- Genres: Deep house; Progressive house; Melodic house; Techno;
- Years active: 2000-present
- Labels: Perfecto Black; Perspectives Digital; Black Hole Recordings; Click Records; ICONYC Music; Outta Limits Recordings;
- Website: galestianmusic.com

= Galestian =

Electronic music artist

Arthur Galestian, known mononymously as Galestian (often stylized as GALESTIAN), is an electronic music artist, producer, DJ, and radio personality – primarily known within the sub-genres of deep house, progressive house, melodic house and techno. In 2017, he signed as an artist to Grammy-nominated Paul Oakenfold's Perfecto Black record label with a debut release called "Rituals". In 2018, he was featured as a guest on Paul Oakenfold's Planet Perfecto Radio (episode 383), which reached over 27 million listeners in over 70 countries. In 2019, Paul Oakenfold and Galestian collaborated on a song entitled "Summer Nights" to celebrate the 50th release of Perfecto Black.

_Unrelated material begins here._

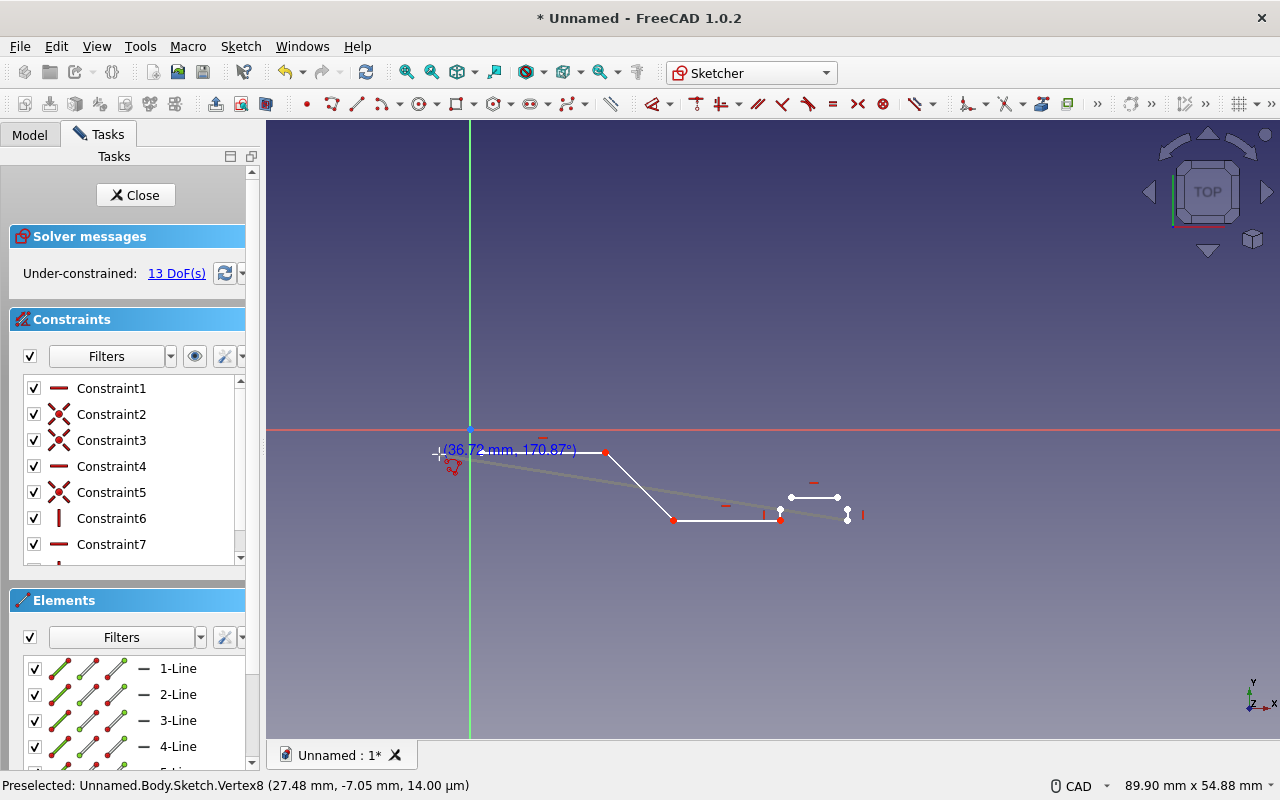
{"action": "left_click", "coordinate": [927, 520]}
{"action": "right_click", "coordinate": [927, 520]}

He is also signed to Darin Epsilon's Perspectives Digital imprint.

Galestian has performed at events and venues including Amsterdam Dance Event, Miami Winter Music Conference, Burning Man, Sankeys Tokyo, Insomniac Events, Tanjong Beach Club in Singapore and Exchange LA. He has been billed with artists including Above & Beyond, Aly & Fila, Armin van Buuren, Carl Cox, Chris Lake, Dubfire, Fehrplay, Frankie Bones, Grum, Lange, Nick Warren and Matthew Dekay.

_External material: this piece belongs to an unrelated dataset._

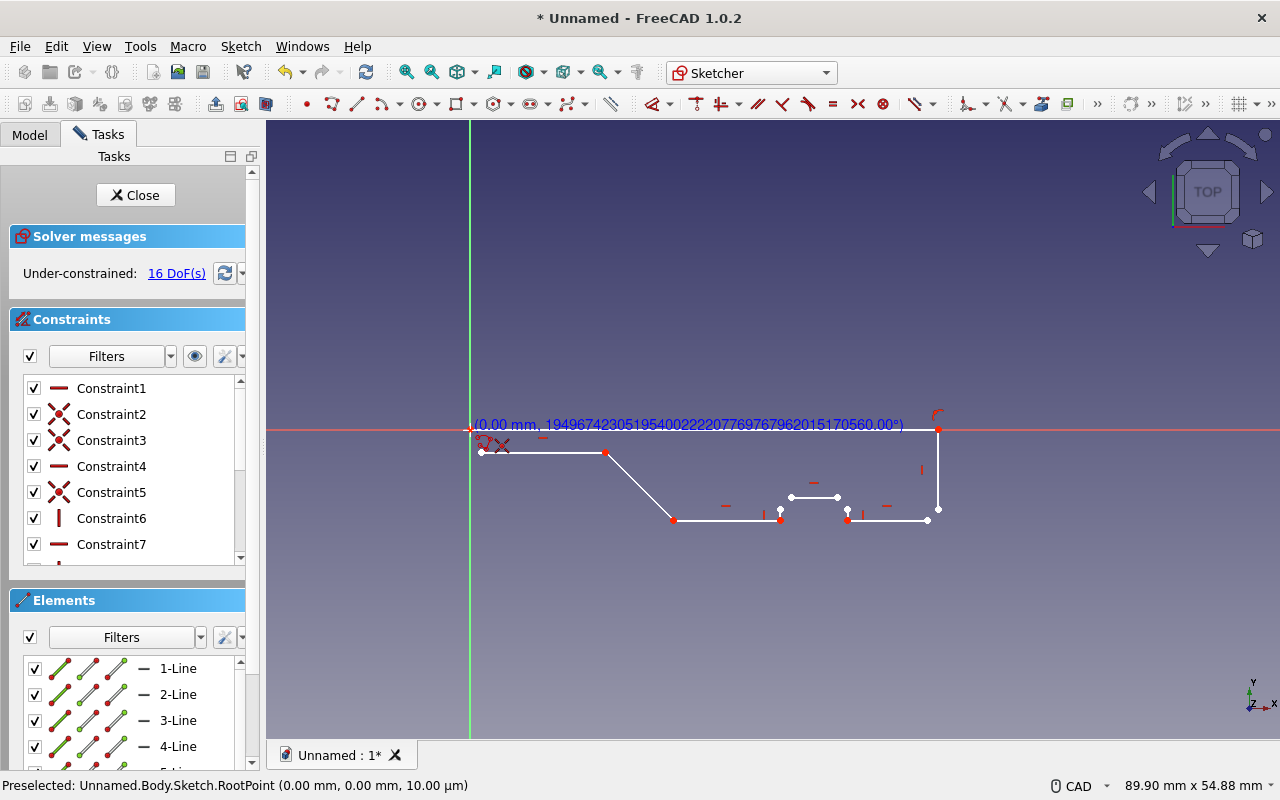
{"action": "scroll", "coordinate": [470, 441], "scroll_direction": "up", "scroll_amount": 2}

Galestian was formerly a board operator and producer at KIIS FM and 98.7 FM in Los Angeles. His career in radio began on KUCI 88.9 FM. Today, his syndicated music show, Global Entry Radio, airs on Mambo Radio 89.4 FM in Ibiza and other radio stations globally. The show also broadcasts on digital stations including Digitally Imported.

In 2017, Galestian published an e-book called The Nomadic Music Producer's Handbook, derived from his experiences in long-term international travel and music production.

Galestian was a winner of the 2006 Las Vegas Music Conference DJ Competition.

He is based between Berlin and Los Angeles.